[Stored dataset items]
---

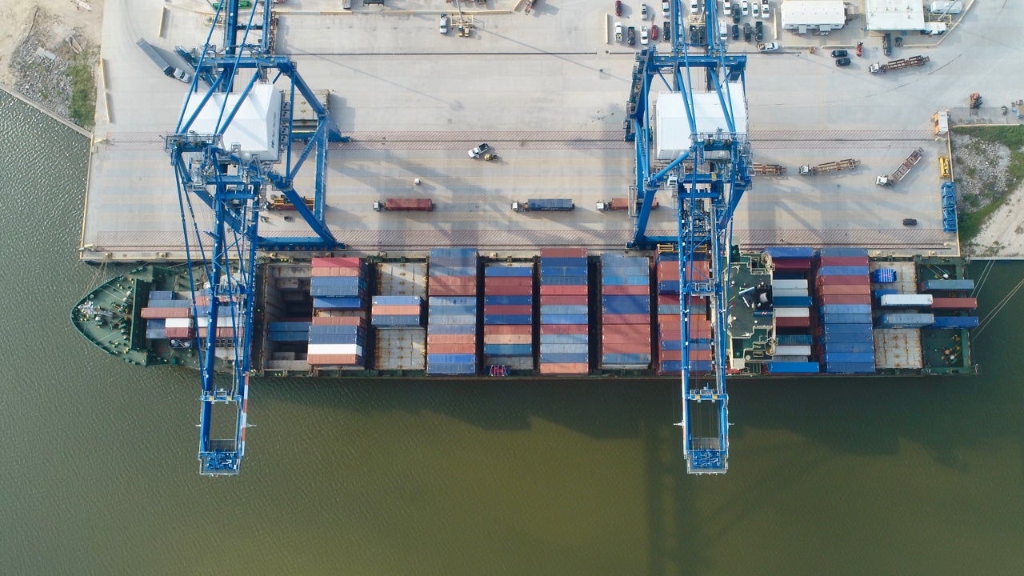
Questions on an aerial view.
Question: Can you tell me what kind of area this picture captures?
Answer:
port
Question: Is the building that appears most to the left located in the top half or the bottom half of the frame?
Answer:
top
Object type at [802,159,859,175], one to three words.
vehicle
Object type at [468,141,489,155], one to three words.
vehicle
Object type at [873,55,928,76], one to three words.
truck
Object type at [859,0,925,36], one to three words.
shed
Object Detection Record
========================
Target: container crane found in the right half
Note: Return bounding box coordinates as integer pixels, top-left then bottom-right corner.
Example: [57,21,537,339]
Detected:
[614,0,755,476]
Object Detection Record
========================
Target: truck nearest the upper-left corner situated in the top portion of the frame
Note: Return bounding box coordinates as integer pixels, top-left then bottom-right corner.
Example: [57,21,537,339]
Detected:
[132,35,180,82]
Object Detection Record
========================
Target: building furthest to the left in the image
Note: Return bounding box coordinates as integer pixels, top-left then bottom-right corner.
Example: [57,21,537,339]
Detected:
[782,1,845,38]
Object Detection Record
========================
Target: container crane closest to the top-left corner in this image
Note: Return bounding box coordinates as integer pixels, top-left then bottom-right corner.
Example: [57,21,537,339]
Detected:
[169,0,349,475]
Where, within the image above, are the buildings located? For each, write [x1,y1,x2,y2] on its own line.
[859,0,925,36]
[782,1,845,38]
[929,108,951,134]
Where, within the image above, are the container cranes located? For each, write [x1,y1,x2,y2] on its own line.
[614,0,755,476]
[169,0,349,475]
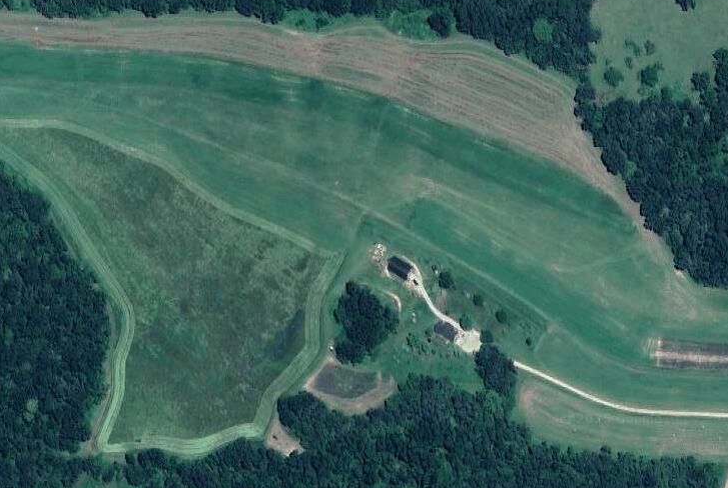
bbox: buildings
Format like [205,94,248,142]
[434,320,457,341]
[388,257,411,279]
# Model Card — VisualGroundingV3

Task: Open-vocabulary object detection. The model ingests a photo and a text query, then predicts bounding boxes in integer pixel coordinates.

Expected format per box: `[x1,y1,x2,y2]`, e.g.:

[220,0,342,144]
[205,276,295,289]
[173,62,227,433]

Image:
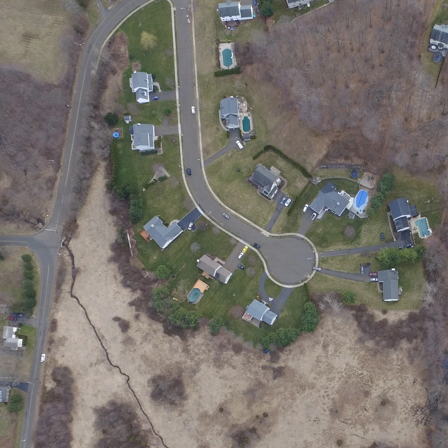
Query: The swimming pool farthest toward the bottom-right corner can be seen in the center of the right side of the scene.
[416,217,430,237]
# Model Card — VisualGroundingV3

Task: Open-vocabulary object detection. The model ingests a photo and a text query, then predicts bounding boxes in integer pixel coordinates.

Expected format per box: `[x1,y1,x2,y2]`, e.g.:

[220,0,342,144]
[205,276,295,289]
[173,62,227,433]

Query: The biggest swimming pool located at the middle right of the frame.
[353,189,369,214]
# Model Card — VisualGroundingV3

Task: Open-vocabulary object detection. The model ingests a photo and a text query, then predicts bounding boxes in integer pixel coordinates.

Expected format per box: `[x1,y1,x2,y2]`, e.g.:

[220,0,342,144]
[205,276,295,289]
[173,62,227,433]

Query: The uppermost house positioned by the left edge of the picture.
[2,327,21,350]
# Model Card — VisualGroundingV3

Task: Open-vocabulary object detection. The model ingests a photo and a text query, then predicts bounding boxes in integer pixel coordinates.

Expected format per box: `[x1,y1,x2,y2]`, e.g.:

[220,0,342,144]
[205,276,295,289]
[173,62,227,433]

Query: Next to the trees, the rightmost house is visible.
[429,24,448,57]
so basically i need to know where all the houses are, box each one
[219,95,240,127]
[129,70,155,101]
[250,164,281,199]
[196,254,233,283]
[2,327,21,350]
[218,0,253,28]
[141,215,184,249]
[0,386,13,402]
[243,298,276,325]
[310,182,354,216]
[378,268,398,299]
[129,122,157,151]
[429,24,448,57]
[389,198,418,231]
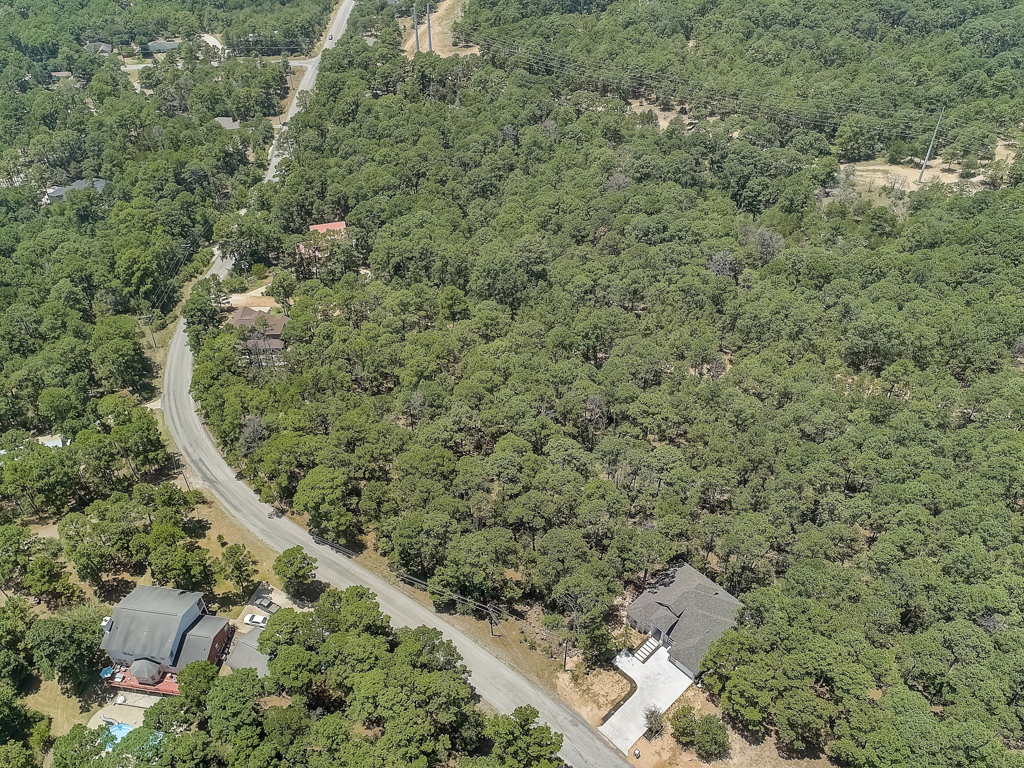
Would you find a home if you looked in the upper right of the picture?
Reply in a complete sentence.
No, looking in the upper right of the picture, there is no home.
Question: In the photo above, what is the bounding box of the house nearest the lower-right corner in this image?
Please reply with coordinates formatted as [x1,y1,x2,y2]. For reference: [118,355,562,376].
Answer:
[625,559,752,680]
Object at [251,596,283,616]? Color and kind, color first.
gray vehicle
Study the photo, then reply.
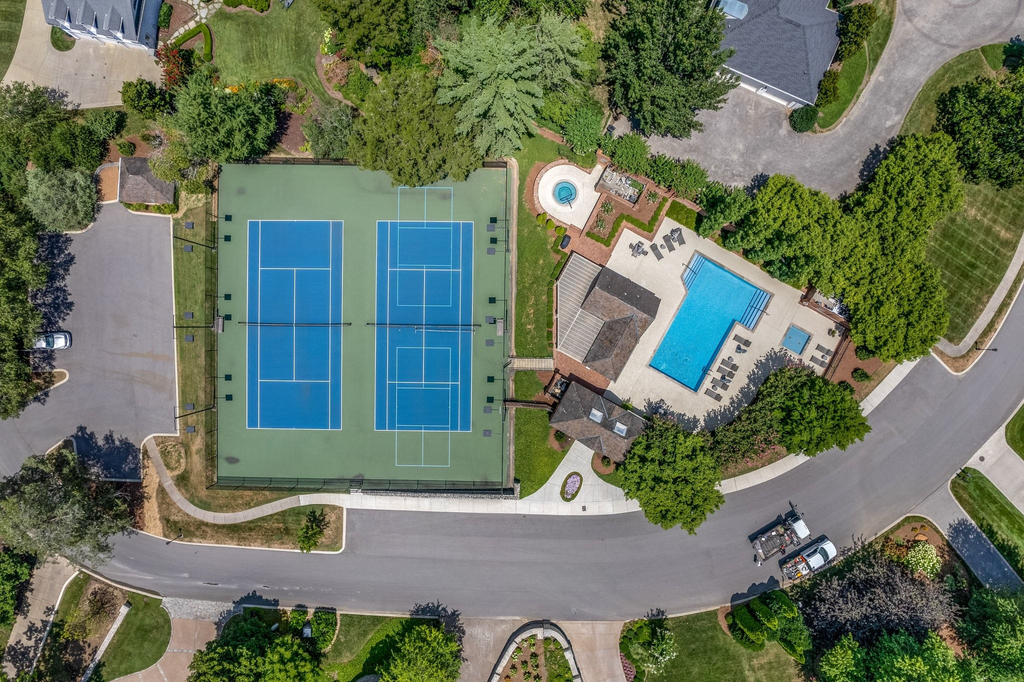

---

## Exercise
Among the lines above, show every one that contains the string "half".

## Solution
Question: Is the building that appears most to the left located in the top half or the bottom half of the frame?
Target: container crane found in the right half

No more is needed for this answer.